Kasi Intel Kejari Mimika, Nobertus Dhendy Restu Prayogo SH MH, mengatakan tim Pidana Khusus (Pidsus) Kejari Mimika telah turun langsung ke lapangan untuk melakukan pengecekan kondisi lahan pada Kamis, 21 Mei 2026 lalu.
“Tim Pidsus turun langsung ke lokasi 150 hektare untuk melihat bibit apa saja yang ditanam. Setelah dicek, memang ada yang sudah ditanam, namun ada juga lahan yang belum ditanami,” ujar Nobertus di ruang kerjanya, Senin (8/6).
Ia menegaskan, proses hukum kasus dugaan korupsi tersebut saat ini telah naik ke tahap penyidikan berdasarkan surat perintah penyidikan tertanggal 27 Maret 2026.
“Kasus ini sudah masuk tahap penyidikan,” tegasnya.
Selain melakukan pengecekan lapangan, Kejari Mimika juga terus mendalami kasus tersebut dengan memeriksa sejumlah pihak terkait.

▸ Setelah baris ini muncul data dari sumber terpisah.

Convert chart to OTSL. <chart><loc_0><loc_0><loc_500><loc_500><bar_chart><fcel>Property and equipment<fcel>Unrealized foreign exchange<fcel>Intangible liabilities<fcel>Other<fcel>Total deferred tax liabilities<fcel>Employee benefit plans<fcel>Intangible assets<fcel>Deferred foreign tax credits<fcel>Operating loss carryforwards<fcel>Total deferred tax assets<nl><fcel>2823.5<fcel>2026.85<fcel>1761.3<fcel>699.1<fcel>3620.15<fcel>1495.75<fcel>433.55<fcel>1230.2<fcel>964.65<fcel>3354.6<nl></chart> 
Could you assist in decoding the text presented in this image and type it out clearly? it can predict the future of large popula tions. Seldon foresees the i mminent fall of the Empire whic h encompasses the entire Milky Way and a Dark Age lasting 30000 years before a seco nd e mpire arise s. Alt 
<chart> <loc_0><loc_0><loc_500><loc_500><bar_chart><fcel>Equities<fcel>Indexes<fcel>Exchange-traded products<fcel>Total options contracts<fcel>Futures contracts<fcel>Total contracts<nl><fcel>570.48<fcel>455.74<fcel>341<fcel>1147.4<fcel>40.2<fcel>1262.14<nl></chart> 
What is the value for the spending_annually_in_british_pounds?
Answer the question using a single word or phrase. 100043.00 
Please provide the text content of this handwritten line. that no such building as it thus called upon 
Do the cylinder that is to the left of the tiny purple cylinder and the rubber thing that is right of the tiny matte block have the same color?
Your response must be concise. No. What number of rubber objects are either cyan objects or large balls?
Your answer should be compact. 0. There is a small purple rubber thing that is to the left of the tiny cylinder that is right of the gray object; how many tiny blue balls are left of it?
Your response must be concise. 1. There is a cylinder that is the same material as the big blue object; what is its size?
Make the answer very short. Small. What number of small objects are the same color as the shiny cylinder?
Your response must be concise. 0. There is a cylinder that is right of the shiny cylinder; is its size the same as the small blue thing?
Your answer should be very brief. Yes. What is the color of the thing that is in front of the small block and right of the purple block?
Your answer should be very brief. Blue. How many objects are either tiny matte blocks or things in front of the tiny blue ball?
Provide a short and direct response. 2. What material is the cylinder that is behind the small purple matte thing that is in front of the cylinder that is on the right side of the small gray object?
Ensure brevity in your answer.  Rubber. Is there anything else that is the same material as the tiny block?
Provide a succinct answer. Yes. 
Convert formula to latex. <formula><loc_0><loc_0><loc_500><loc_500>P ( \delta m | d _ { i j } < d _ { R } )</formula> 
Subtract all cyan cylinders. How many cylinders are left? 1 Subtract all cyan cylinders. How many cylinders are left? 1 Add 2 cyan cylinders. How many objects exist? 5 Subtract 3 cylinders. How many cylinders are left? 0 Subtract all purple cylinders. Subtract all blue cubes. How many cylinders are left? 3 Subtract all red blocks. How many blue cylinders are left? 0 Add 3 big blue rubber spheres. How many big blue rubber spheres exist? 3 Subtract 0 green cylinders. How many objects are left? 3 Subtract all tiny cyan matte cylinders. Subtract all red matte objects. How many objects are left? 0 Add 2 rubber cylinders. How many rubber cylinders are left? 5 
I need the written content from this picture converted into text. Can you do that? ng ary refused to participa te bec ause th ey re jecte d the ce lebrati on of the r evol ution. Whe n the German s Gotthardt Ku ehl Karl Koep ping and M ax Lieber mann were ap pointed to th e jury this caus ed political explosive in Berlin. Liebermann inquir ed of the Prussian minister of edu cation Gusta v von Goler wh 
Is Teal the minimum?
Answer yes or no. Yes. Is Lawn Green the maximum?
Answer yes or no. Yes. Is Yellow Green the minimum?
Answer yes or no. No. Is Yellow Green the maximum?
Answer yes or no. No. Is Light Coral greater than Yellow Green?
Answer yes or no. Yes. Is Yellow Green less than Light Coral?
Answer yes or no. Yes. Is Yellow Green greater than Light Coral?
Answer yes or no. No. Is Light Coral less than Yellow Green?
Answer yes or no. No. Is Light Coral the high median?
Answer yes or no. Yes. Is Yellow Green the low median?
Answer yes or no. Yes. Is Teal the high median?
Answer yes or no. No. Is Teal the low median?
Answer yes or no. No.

“Kami sudah memeriksa tujuh orang ASN. Untuk nilai kerugian keuangan negara masih menunggu hasil perhitungan dari BPKP,” ungkapnya.
Menurutnya, proses pemeriksaan saksi-saksi masih terus berjalan seiring menunggu hasil audit kerugian negara yang nantinya akan menjadi bagian penting dalam pengungkapan perkara tersebut.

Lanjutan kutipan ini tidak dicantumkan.